Он был сильным мальчиком. Они решили назвать его в честь кометы. Джон сказал, что ребенок особенный; такие дети рождаются редко, раз в семьдесят пять лет, а может быть, и реже. Тогда они еще не знали, что их сын таит в себе бомбу с часовым механизмом.
Наоми до сих пор носила с собой его фотографию. На снимке был трехлетний мальчик в комбинезоне, с растрепанными светлыми волосами — как будто его только что вытащили из сушильного барабана. Он улыбался прямо в объектив. Двух передних зубов не хватало. Упал с качелей.
После его смерти Джон долго не мог не то что плакать или горевать, а даже говорить об этом. Он с головой погрузился в свою работу, в свои шахматы и свою фотографию; в любую погоду уходил с фотоаппаратом и пропадал по многу часов, снимая все, что видел, без цели и смысла.
Наоми тоже попыталась забыться в работе. Через приятеля из Лос-Анджелеса она нашла хорошее место в фирме, занимавшейся пиаром, но через несколько недель уволилась. Не могла сосредоточиться.
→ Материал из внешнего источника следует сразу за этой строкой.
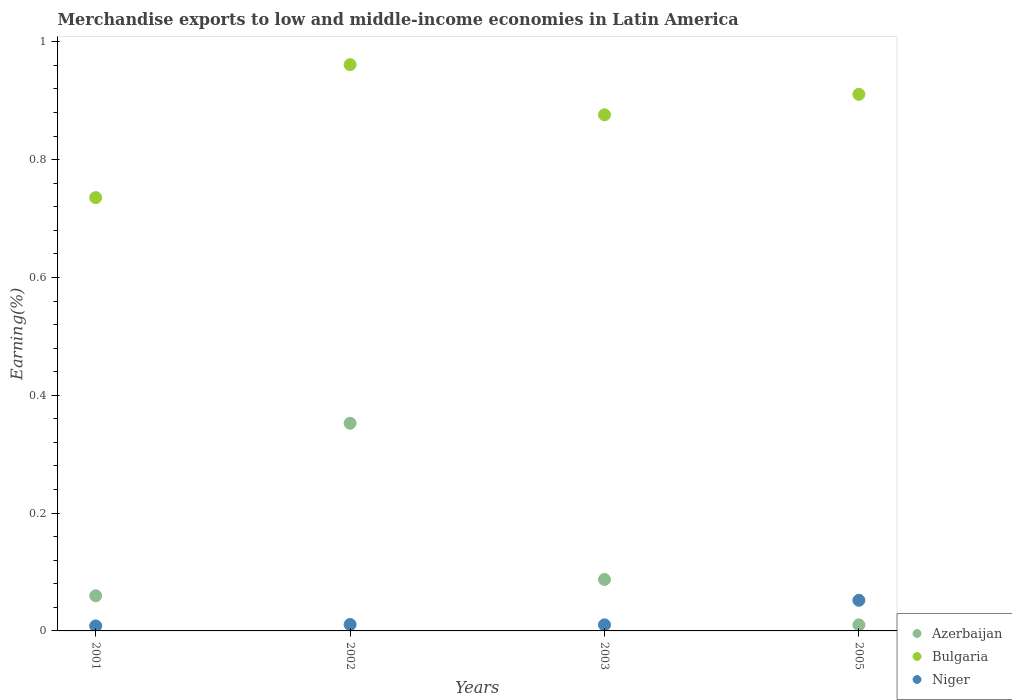What is the percentage of amount earned from merchandise exports in Bulgaria in 2002?
Give a very brief answer. 0.96. Across all years, what is the maximum percentage of amount earned from merchandise exports in Bulgaria?
Ensure brevity in your answer.  0.96. Across all years, what is the minimum percentage of amount earned from merchandise exports in Azerbaijan?
Your response must be concise. 0.01. In which year was the percentage of amount earned from merchandise exports in Niger maximum?
Provide a succinct answer. 2005. What is the total percentage of amount earned from merchandise exports in Azerbaijan in the graph?
Offer a terse response. 0.51. What is the difference between the percentage of amount earned from merchandise exports in Niger in 2001 and that in 2005?
Keep it short and to the point. -0.04. What is the difference between the percentage of amount earned from merchandise exports in Niger in 2003 and the percentage of amount earned from merchandise exports in Azerbaijan in 2005?
Offer a terse response. 3.905054811760046e-5. What is the average percentage of amount earned from merchandise exports in Azerbaijan per year?
Your answer should be very brief. 0.13. In the year 2003, what is the difference between the percentage of amount earned from merchandise exports in Bulgaria and percentage of amount earned from merchandise exports in Azerbaijan?
Make the answer very short. 0.79. What is the ratio of the percentage of amount earned from merchandise exports in Niger in 2002 to that in 2005?
Offer a very short reply. 0.21. Is the difference between the percentage of amount earned from merchandise exports in Bulgaria in 2002 and 2005 greater than the difference between the percentage of amount earned from merchandise exports in Azerbaijan in 2002 and 2005?
Make the answer very short. No. What is the difference between the highest and the second highest percentage of amount earned from merchandise exports in Bulgaria?
Provide a short and direct response. 0.05. What is the difference between the highest and the lowest percentage of amount earned from merchandise exports in Niger?
Make the answer very short. 0.04. Is the sum of the percentage of amount earned from merchandise exports in Bulgaria in 2001 and 2003 greater than the maximum percentage of amount earned from merchandise exports in Niger across all years?
Your response must be concise. Yes. Is it the case that in every year, the sum of the percentage of amount earned from merchandise exports in Niger and percentage of amount earned from merchandise exports in Bulgaria  is greater than the percentage of amount earned from merchandise exports in Azerbaijan?
Make the answer very short. Yes. Does the percentage of amount earned from merchandise exports in Azerbaijan monotonically increase over the years?
Your answer should be compact. No. How many dotlines are there?
Your answer should be very brief. 3. How many years are there in the graph?
Offer a very short reply. 4. What is the difference between two consecutive major ticks on the Y-axis?
Keep it short and to the point. 0.2. Does the graph contain any zero values?
Provide a short and direct response. No. Does the graph contain grids?
Make the answer very short. No. How are the legend labels stacked?
Make the answer very short. Vertical. What is the title of the graph?
Offer a very short reply. Merchandise exports to low and middle-income economies in Latin America. Does "Tunisia" appear as one of the legend labels in the graph?
Make the answer very short. No. What is the label or title of the X-axis?
Keep it short and to the point. Years. What is the label or title of the Y-axis?
Offer a very short reply. Earning(%). What is the Earning(%) in Azerbaijan in 2001?
Ensure brevity in your answer.  0.06. What is the Earning(%) in Bulgaria in 2001?
Keep it short and to the point. 0.74. What is the Earning(%) in Niger in 2001?
Make the answer very short. 0.01. What is the Earning(%) in Azerbaijan in 2002?
Ensure brevity in your answer.  0.35. What is the Earning(%) of Bulgaria in 2002?
Offer a terse response. 0.96. What is the Earning(%) of Niger in 2002?
Your response must be concise. 0.01. What is the Earning(%) of Azerbaijan in 2003?
Make the answer very short. 0.09. What is the Earning(%) in Bulgaria in 2003?
Ensure brevity in your answer.  0.88. What is the Earning(%) of Niger in 2003?
Your answer should be very brief. 0.01. What is the Earning(%) of Azerbaijan in 2005?
Offer a terse response. 0.01. What is the Earning(%) in Bulgaria in 2005?
Ensure brevity in your answer.  0.91. What is the Earning(%) in Niger in 2005?
Your response must be concise. 0.05. Across all years, what is the maximum Earning(%) in Azerbaijan?
Your answer should be very brief. 0.35. Across all years, what is the maximum Earning(%) in Bulgaria?
Make the answer very short. 0.96. Across all years, what is the maximum Earning(%) of Niger?
Offer a terse response. 0.05. Across all years, what is the minimum Earning(%) of Azerbaijan?
Your answer should be very brief. 0.01. Across all years, what is the minimum Earning(%) in Bulgaria?
Your answer should be compact. 0.74. Across all years, what is the minimum Earning(%) of Niger?
Provide a short and direct response. 0.01. What is the total Earning(%) of Azerbaijan in the graph?
Offer a very short reply. 0.51. What is the total Earning(%) in Bulgaria in the graph?
Ensure brevity in your answer.  3.48. What is the total Earning(%) of Niger in the graph?
Your response must be concise. 0.08. What is the difference between the Earning(%) in Azerbaijan in 2001 and that in 2002?
Give a very brief answer. -0.29. What is the difference between the Earning(%) of Bulgaria in 2001 and that in 2002?
Offer a terse response. -0.23. What is the difference between the Earning(%) in Niger in 2001 and that in 2002?
Provide a short and direct response. -0. What is the difference between the Earning(%) in Azerbaijan in 2001 and that in 2003?
Your answer should be compact. -0.03. What is the difference between the Earning(%) in Bulgaria in 2001 and that in 2003?
Keep it short and to the point. -0.14. What is the difference between the Earning(%) in Niger in 2001 and that in 2003?
Your response must be concise. -0. What is the difference between the Earning(%) of Azerbaijan in 2001 and that in 2005?
Provide a succinct answer. 0.05. What is the difference between the Earning(%) of Bulgaria in 2001 and that in 2005?
Your answer should be compact. -0.18. What is the difference between the Earning(%) of Niger in 2001 and that in 2005?
Your response must be concise. -0.04. What is the difference between the Earning(%) of Azerbaijan in 2002 and that in 2003?
Your answer should be very brief. 0.27. What is the difference between the Earning(%) in Bulgaria in 2002 and that in 2003?
Offer a very short reply. 0.09. What is the difference between the Earning(%) in Azerbaijan in 2002 and that in 2005?
Offer a terse response. 0.34. What is the difference between the Earning(%) of Bulgaria in 2002 and that in 2005?
Provide a short and direct response. 0.05. What is the difference between the Earning(%) in Niger in 2002 and that in 2005?
Keep it short and to the point. -0.04. What is the difference between the Earning(%) of Azerbaijan in 2003 and that in 2005?
Your answer should be compact. 0.08. What is the difference between the Earning(%) in Bulgaria in 2003 and that in 2005?
Keep it short and to the point. -0.03. What is the difference between the Earning(%) in Niger in 2003 and that in 2005?
Ensure brevity in your answer.  -0.04. What is the difference between the Earning(%) of Azerbaijan in 2001 and the Earning(%) of Bulgaria in 2002?
Your answer should be compact. -0.9. What is the difference between the Earning(%) in Azerbaijan in 2001 and the Earning(%) in Niger in 2002?
Your answer should be compact. 0.05. What is the difference between the Earning(%) of Bulgaria in 2001 and the Earning(%) of Niger in 2002?
Give a very brief answer. 0.72. What is the difference between the Earning(%) in Azerbaijan in 2001 and the Earning(%) in Bulgaria in 2003?
Make the answer very short. -0.82. What is the difference between the Earning(%) of Azerbaijan in 2001 and the Earning(%) of Niger in 2003?
Your answer should be very brief. 0.05. What is the difference between the Earning(%) of Bulgaria in 2001 and the Earning(%) of Niger in 2003?
Your answer should be very brief. 0.73. What is the difference between the Earning(%) in Azerbaijan in 2001 and the Earning(%) in Bulgaria in 2005?
Ensure brevity in your answer.  -0.85. What is the difference between the Earning(%) of Azerbaijan in 2001 and the Earning(%) of Niger in 2005?
Ensure brevity in your answer.  0.01. What is the difference between the Earning(%) of Bulgaria in 2001 and the Earning(%) of Niger in 2005?
Your answer should be compact. 0.68. What is the difference between the Earning(%) in Azerbaijan in 2002 and the Earning(%) in Bulgaria in 2003?
Give a very brief answer. -0.52. What is the difference between the Earning(%) of Azerbaijan in 2002 and the Earning(%) of Niger in 2003?
Give a very brief answer. 0.34. What is the difference between the Earning(%) in Bulgaria in 2002 and the Earning(%) in Niger in 2003?
Your answer should be compact. 0.95. What is the difference between the Earning(%) of Azerbaijan in 2002 and the Earning(%) of Bulgaria in 2005?
Your response must be concise. -0.56. What is the difference between the Earning(%) of Azerbaijan in 2002 and the Earning(%) of Niger in 2005?
Provide a succinct answer. 0.3. What is the difference between the Earning(%) of Bulgaria in 2002 and the Earning(%) of Niger in 2005?
Keep it short and to the point. 0.91. What is the difference between the Earning(%) in Azerbaijan in 2003 and the Earning(%) in Bulgaria in 2005?
Your response must be concise. -0.82. What is the difference between the Earning(%) in Azerbaijan in 2003 and the Earning(%) in Niger in 2005?
Your answer should be very brief. 0.04. What is the difference between the Earning(%) in Bulgaria in 2003 and the Earning(%) in Niger in 2005?
Offer a very short reply. 0.82. What is the average Earning(%) of Azerbaijan per year?
Provide a short and direct response. 0.13. What is the average Earning(%) of Bulgaria per year?
Make the answer very short. 0.87. What is the average Earning(%) in Niger per year?
Ensure brevity in your answer.  0.02. In the year 2001, what is the difference between the Earning(%) in Azerbaijan and Earning(%) in Bulgaria?
Your answer should be very brief. -0.68. In the year 2001, what is the difference between the Earning(%) in Azerbaijan and Earning(%) in Niger?
Make the answer very short. 0.05. In the year 2001, what is the difference between the Earning(%) of Bulgaria and Earning(%) of Niger?
Give a very brief answer. 0.73. In the year 2002, what is the difference between the Earning(%) of Azerbaijan and Earning(%) of Bulgaria?
Offer a very short reply. -0.61. In the year 2002, what is the difference between the Earning(%) in Azerbaijan and Earning(%) in Niger?
Your answer should be compact. 0.34. In the year 2002, what is the difference between the Earning(%) of Bulgaria and Earning(%) of Niger?
Keep it short and to the point. 0.95. In the year 2003, what is the difference between the Earning(%) in Azerbaijan and Earning(%) in Bulgaria?
Your response must be concise. -0.79. In the year 2003, what is the difference between the Earning(%) in Azerbaijan and Earning(%) in Niger?
Provide a short and direct response. 0.08. In the year 2003, what is the difference between the Earning(%) in Bulgaria and Earning(%) in Niger?
Your answer should be very brief. 0.87. In the year 2005, what is the difference between the Earning(%) in Azerbaijan and Earning(%) in Bulgaria?
Your answer should be very brief. -0.9. In the year 2005, what is the difference between the Earning(%) of Azerbaijan and Earning(%) of Niger?
Offer a very short reply. -0.04. In the year 2005, what is the difference between the Earning(%) of Bulgaria and Earning(%) of Niger?
Provide a succinct answer. 0.86. What is the ratio of the Earning(%) of Azerbaijan in 2001 to that in 2002?
Give a very brief answer. 0.17. What is the ratio of the Earning(%) of Bulgaria in 2001 to that in 2002?
Provide a short and direct response. 0.77. What is the ratio of the Earning(%) of Niger in 2001 to that in 2002?
Provide a short and direct response. 0.78. What is the ratio of the Earning(%) in Azerbaijan in 2001 to that in 2003?
Your answer should be compact. 0.68. What is the ratio of the Earning(%) in Bulgaria in 2001 to that in 2003?
Keep it short and to the point. 0.84. What is the ratio of the Earning(%) of Niger in 2001 to that in 2003?
Provide a short and direct response. 0.82. What is the ratio of the Earning(%) of Azerbaijan in 2001 to that in 2005?
Give a very brief answer. 5.8. What is the ratio of the Earning(%) in Bulgaria in 2001 to that in 2005?
Ensure brevity in your answer.  0.81. What is the ratio of the Earning(%) of Niger in 2001 to that in 2005?
Offer a very short reply. 0.16. What is the ratio of the Earning(%) in Azerbaijan in 2002 to that in 2003?
Your response must be concise. 4.04. What is the ratio of the Earning(%) of Bulgaria in 2002 to that in 2003?
Offer a very short reply. 1.1. What is the ratio of the Earning(%) in Niger in 2002 to that in 2003?
Your answer should be very brief. 1.05. What is the ratio of the Earning(%) in Azerbaijan in 2002 to that in 2005?
Ensure brevity in your answer.  34.23. What is the ratio of the Earning(%) of Bulgaria in 2002 to that in 2005?
Keep it short and to the point. 1.06. What is the ratio of the Earning(%) of Niger in 2002 to that in 2005?
Offer a terse response. 0.21. What is the ratio of the Earning(%) of Azerbaijan in 2003 to that in 2005?
Your response must be concise. 8.48. What is the ratio of the Earning(%) of Bulgaria in 2003 to that in 2005?
Provide a succinct answer. 0.96. What is the ratio of the Earning(%) in Niger in 2003 to that in 2005?
Make the answer very short. 0.2. What is the difference between the highest and the second highest Earning(%) of Azerbaijan?
Your answer should be very brief. 0.27. What is the difference between the highest and the second highest Earning(%) in Bulgaria?
Offer a terse response. 0.05. What is the difference between the highest and the second highest Earning(%) of Niger?
Your answer should be compact. 0.04. What is the difference between the highest and the lowest Earning(%) in Azerbaijan?
Keep it short and to the point. 0.34. What is the difference between the highest and the lowest Earning(%) of Bulgaria?
Keep it short and to the point. 0.23. What is the difference between the highest and the lowest Earning(%) of Niger?
Provide a short and direct response. 0.04.

Без Галлея все казалось ненужным и бессмысленным.
В конце концов им обоим пришлось обратиться к психотерапевту и пройти курс реабилитации, который окончился всего несколько месяцев назад.
— Как ты себя чувствуешь теперь, когда…
— Когда мы здесь? — договорила Наоми.
— Да. Когда мы на самом деле здесь.
— Все как-то очень… по-настоящему. Совсем по-настоящему. Я страшно волнуюсь. А ты?
Джон нежно погладил ее по голове.
— Если ты захочешь все остановить, милая… в любой момент…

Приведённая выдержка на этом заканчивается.